Mas nada disso é spoiler.

Moser: “As pessoas têm um estereótipo limitado de Sontag. Havia muita coisa escrita sobre ela, muita fofoca, muitas coisas que no início a gente acredita, mas o importante pra mim é ir além (...), é entender a diferença entre a realidade e a realidade representada, entre a pessoa e a imagem da pessoa, entre a coisa em si e como ela é descrita com a linguagem (que, aliás, é uma coisa superclariciana [nota 1]), porque essas são questões muito antigas e muito relevantes”.

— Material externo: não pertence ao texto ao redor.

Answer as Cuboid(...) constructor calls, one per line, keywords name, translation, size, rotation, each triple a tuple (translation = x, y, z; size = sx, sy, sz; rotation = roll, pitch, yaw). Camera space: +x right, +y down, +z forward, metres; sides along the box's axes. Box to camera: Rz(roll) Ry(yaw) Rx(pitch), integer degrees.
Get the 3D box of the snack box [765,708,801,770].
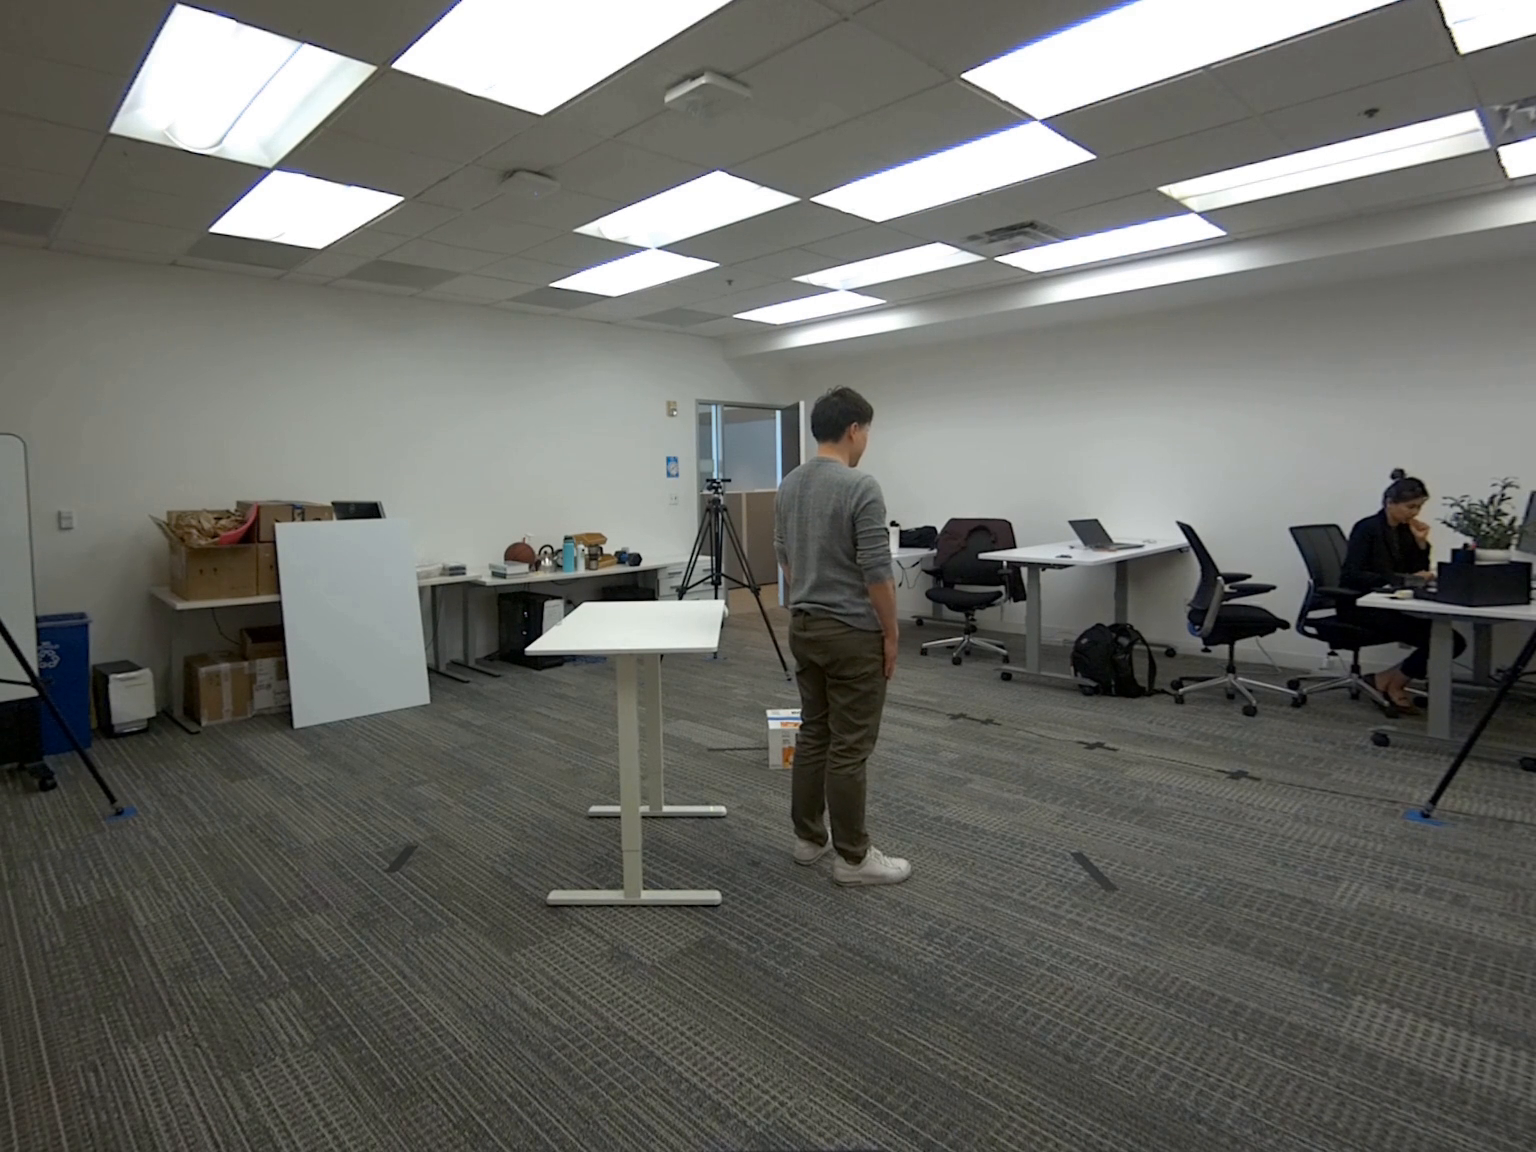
Cuboid(name="snack box", translation=(0.204, 0.810, 4.279), size=(0.405, 0.205, 0.342), rotation=(-2, 6, -1))

Em Sontag: her life and work é retratada não apenas a persona Sontag, que é como a própria gostaria de ser vista, mas a pessoa, com suas contradições políticas, literárias, afetivas. O tom da biografia, de um entusiasmo não condescendente, faz com que Susan, a pessoa disruptiva e muitas vezes desagradável, seja apresentada sem julgamento moral, numa abordagem que nem é derrogatória, nem protetiva; e faz com que Sontag, a intelectual poderosa, tantas vezes brilhante (mas nem sempre), seja retratada sem mistificação, com suas inseguranças e limitações.

Para essa, que é a primeira biografia autorizada da escritora, Moser teve acesso exclusivo a cartas, e-mails, rascunhos e notas inéditas, no arquivo oficial da autora, sediado na Universidade da Califórnia em Los Angeles (UCLA). Além disso, entrevistou centenas de pessoas no mundo todo, muitas delas falando pela primeira vez – inclusive Annie Leibovitz, até então reticente em falar da sua vida privada e de seu relacionamento com Susan (e com Sontag).

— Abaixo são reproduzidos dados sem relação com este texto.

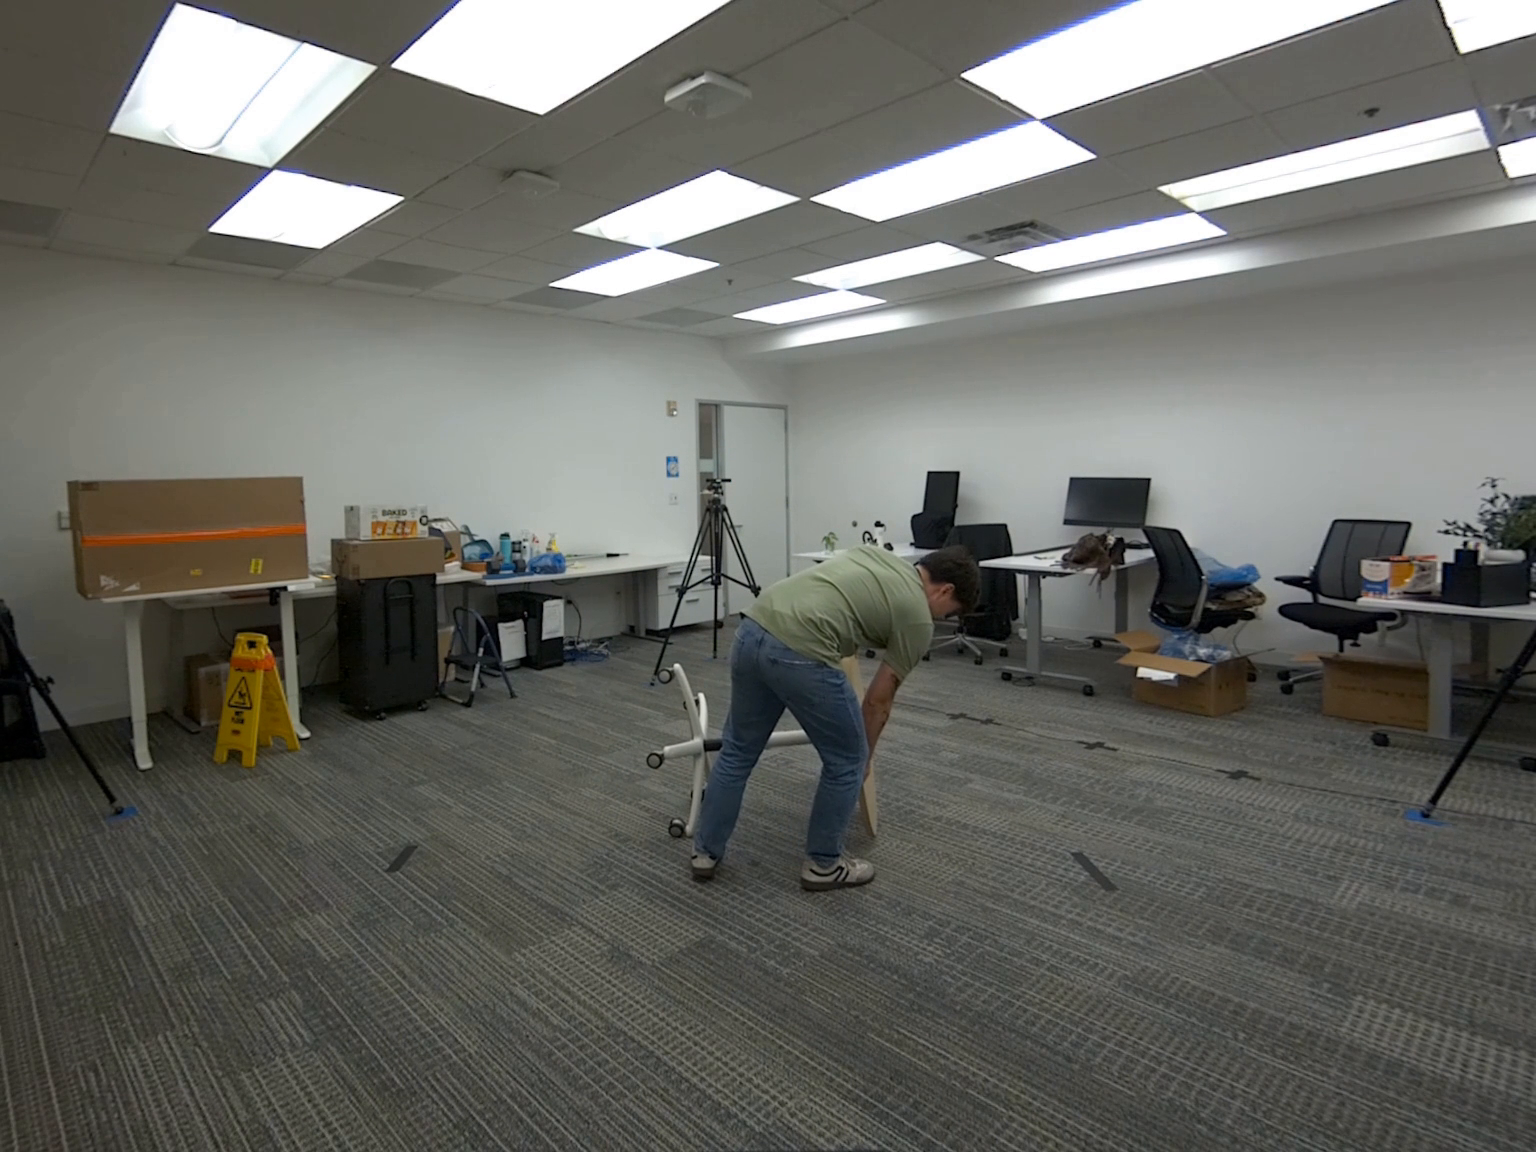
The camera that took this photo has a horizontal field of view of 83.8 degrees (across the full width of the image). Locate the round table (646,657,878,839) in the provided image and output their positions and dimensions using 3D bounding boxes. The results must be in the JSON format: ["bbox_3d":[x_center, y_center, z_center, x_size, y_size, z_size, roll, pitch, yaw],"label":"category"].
[{"bbox_3d":[-0.011,0.666,3.440,0.802,0.762,0.759,-7,3,11],"label":"round table"}]

O livro fala abertamente dos casos extraconjugais, das ligações de Sontag com um montão de gente poderosa e da relação quase abusiva dela com Leibovitz (além de outras facetas menos gloriosas da vida da escritora). Mas o ponto mais polêmico revelado pela nova biografia diz respeito não a Sontag, e, sim, ao seu ex-marido, Philip Rieff, com quem ela teve seu único filho, o também escritor David Rieff. Com base nos arquivos e nas entrevistas, Moser chega à conclusão de que Sontag é a real autora de Freud: the mind of the moralist, livro central de Philip Rieff, publicado em 1959. A informação é escandalosa, pero no mucho. A apropriação do trabalho de esposas por parte de seus maridos escritores famosos é uma constante na história da literatura ocidental. Com sarcasmo, poderíamos até dizer que este seria um subgênero da literatura e da produção científica – de Dostoiévski a Einstein, passando por Fitzgerald, Tolstói, Nabokov, Brecht e muitos outros, também acusados de prática semelhante e cujas reputações saíram ilesas.

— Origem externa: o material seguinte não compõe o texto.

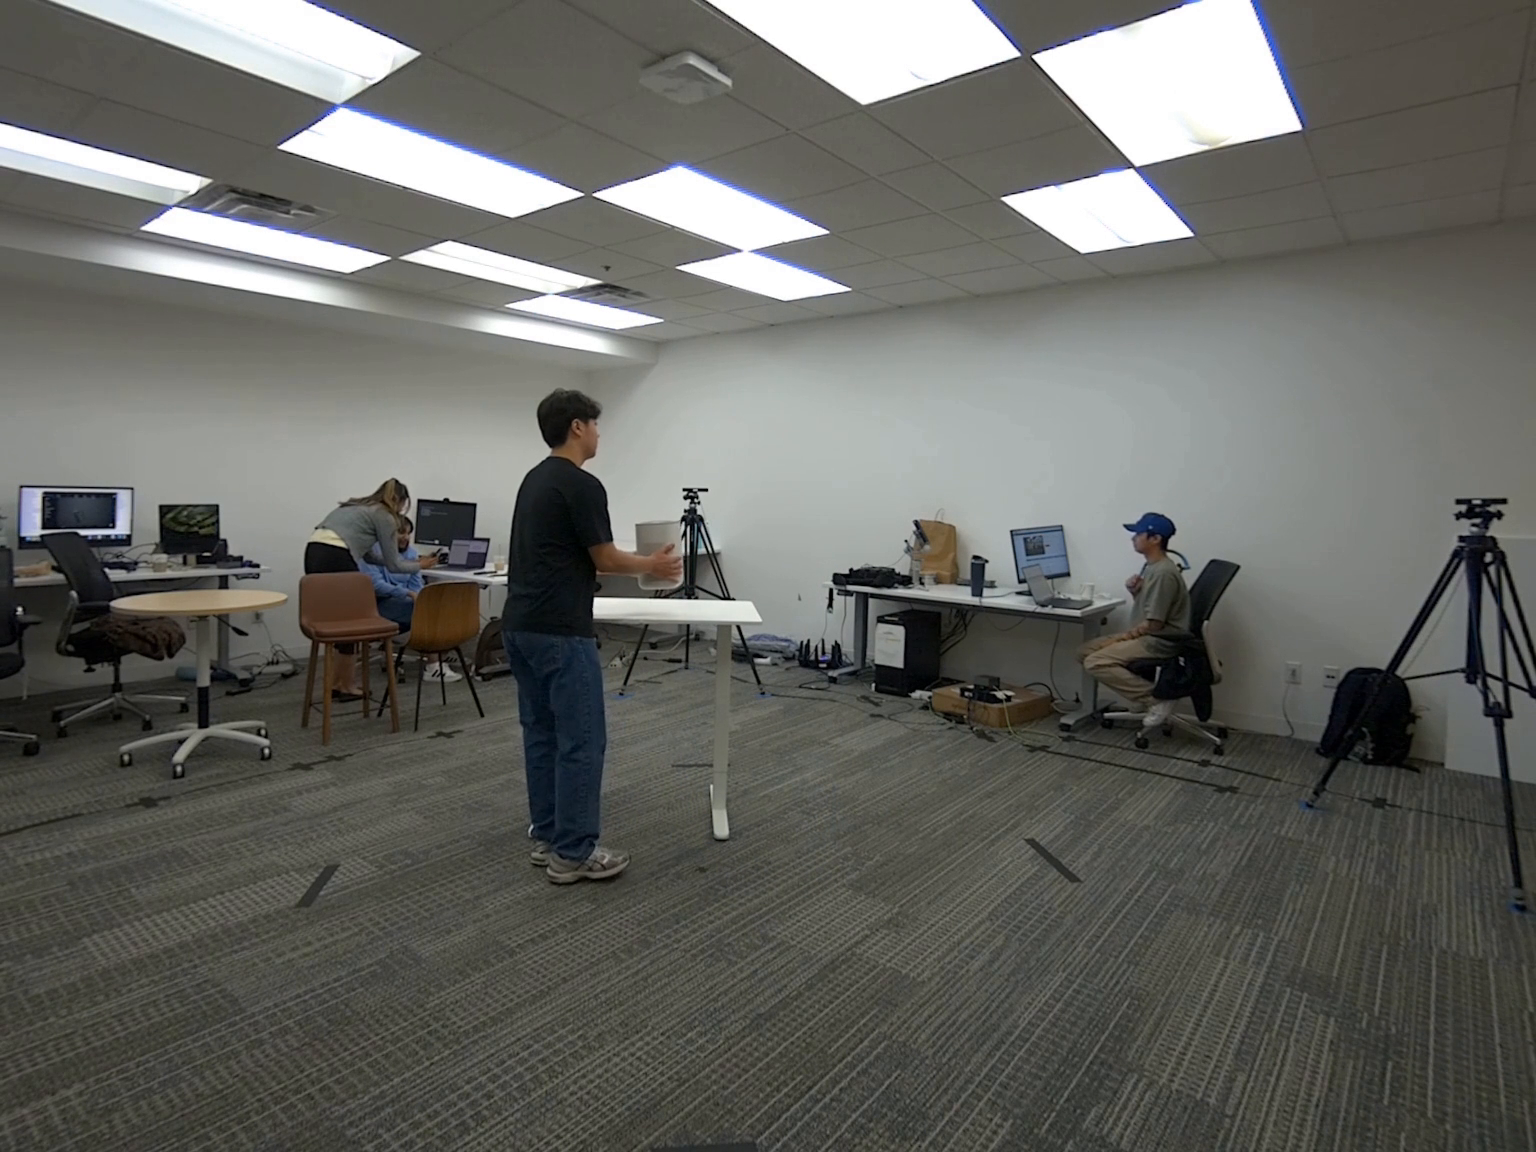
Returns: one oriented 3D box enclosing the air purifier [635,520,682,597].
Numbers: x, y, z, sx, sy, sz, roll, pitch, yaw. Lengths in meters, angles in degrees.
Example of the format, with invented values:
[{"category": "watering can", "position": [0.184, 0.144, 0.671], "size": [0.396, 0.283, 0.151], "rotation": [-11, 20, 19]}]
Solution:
[{"category": "air purifier", "position": [-0.450, -0.086, 3.428], "size": [0.173, 0.264, 0.170], "rotation": [-2, 5, 7]}]

A contribuição de uma biografia sobre um ator social do porte de Susan Sontag não pode depender da quantidade de exposição da sua vida privada. O valor de uma biografia está na capacidade do biógrafo de produzir uma análise crítica, ao colocar a obra do biografado em contexto (ou em confronto) com os acontecimentos sociais e políticos, com a produção artística, acadêmica e literária do seu tempo, e isso Benjamin Moser conseguiu – ainda que, em alguns momentos, eu discorde da forma como ele entende e localiza a obra de Sontag. Outro ponto digno de nota é que Moser, sempre em diálogo com a produção dela, exercita críticas mais do que necessárias aos governos estadunidenses de Reagan a Trump, problematiza a posição escorregadia da autora em relação ao Estado de Israel e traz válidas contribuições ao debate político dos EUA, um ano antes das eleições presidenciais de lá. É uma biografia enorme (quase 800 páginas), mas uma delícia de ler.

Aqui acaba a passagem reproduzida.